Contoh Opini Kabar Priangan: Fenomena Tarik Ulur Kurikulum Pendidikan

Tulisan ini dimuat di Opini Kabar Priangan

Oleh: Dede Taufik, S.Pd.
Sejarah baru dalam dunia pendidikan dimana terjadinya fenomena tarik ulur dalam penerapan kurikulum pendidikan di sekolah. Kurikulum 2006 yang dikenal sebagai Kurikulum Tingkat Satuan Pendidikan (KTSP), pada Juli 2013 secara resmi digantikan oleh Kurikulum 2013 yang diterapkan terlebih dahulu di sekitar 6.221 sekolah mulai dari jenjang pendidikan dasar hingga pendidikan menengah atas dan secara serentak diterapkan di seluruh sekolah mulai tahun ajaran 2014/2015. Akan tetapi, setelah terjadi pergantian Menteri Pendidikan dan Kebudayaan (Mendikbud) dari Mohammad Nuh dalam Kabinet Pemerintahan Susilo Bambang Yudhoyono (SBY) yang digantikan oleh Anies Baswedan dalam Kabinet Pemerintahan Joko Widodo (Jokowi) Kurikulum pun mengalami pergantian.

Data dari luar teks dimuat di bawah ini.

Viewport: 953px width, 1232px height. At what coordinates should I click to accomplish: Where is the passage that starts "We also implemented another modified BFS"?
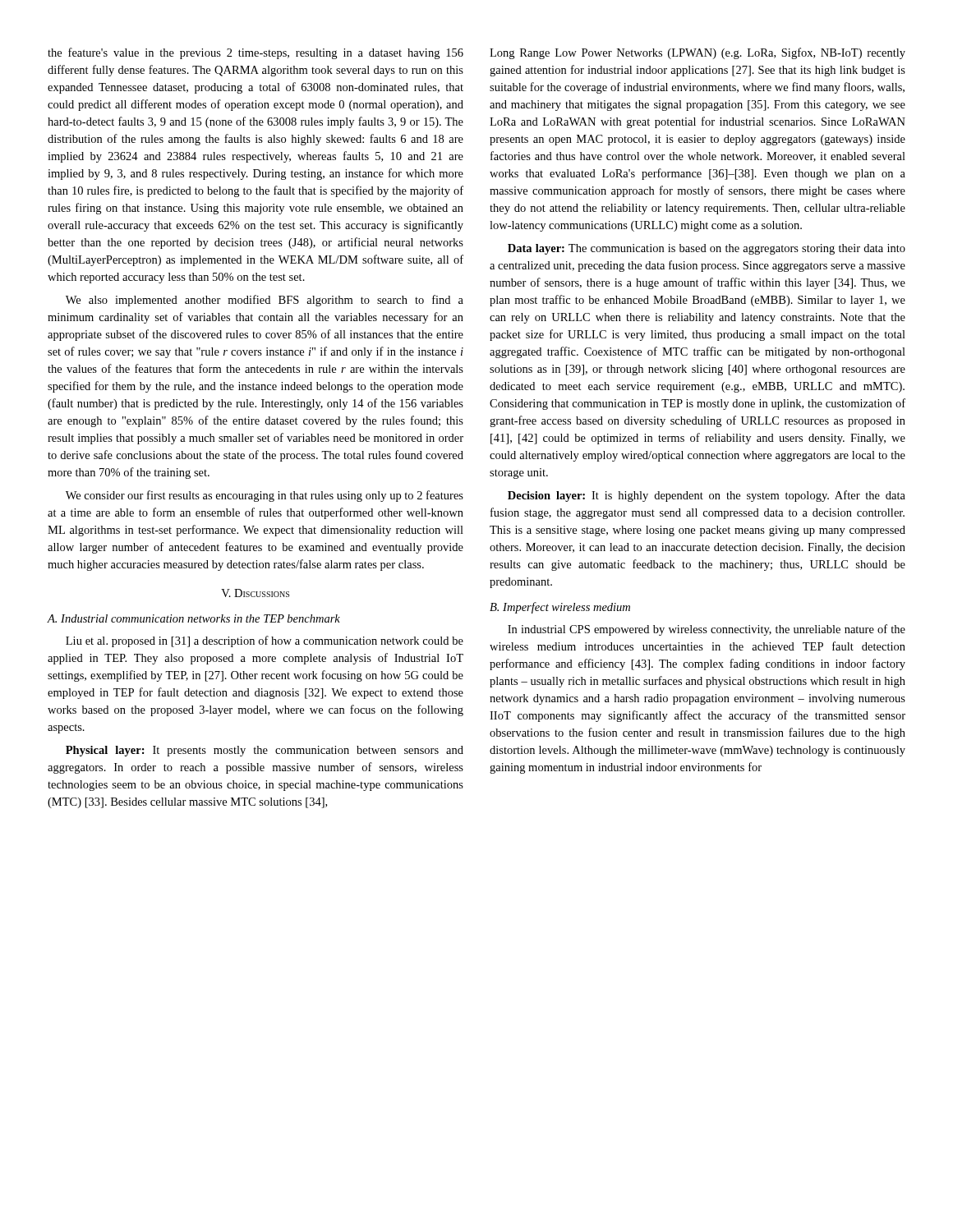pyautogui.click(x=255, y=387)

Hal yang menarik pada pergantian kurikulum saat ini adalah terjadinya fenomena tarik ulur antara KTSP dan Kurikulum 2013. Jika sebelumnya, Kurikulum 2013 tersebut diterapkan untuk menggantikan KTSP dengan alasan sebagai bentuk penyempurnaannya, namun kali ini Kurikulum 2013 pun dihentikan dan digantikan kembali oleh kurikulum sebelumnya yaitu KTSP, dengan alasan ditemukannya beberapa fakta kalau sebagian sekolah belum siap melaksanakannya karena masalah kesiapan buku, sistem penilaian, penataran guru, pendampingan guru, dan pelatihan kepala sekolah.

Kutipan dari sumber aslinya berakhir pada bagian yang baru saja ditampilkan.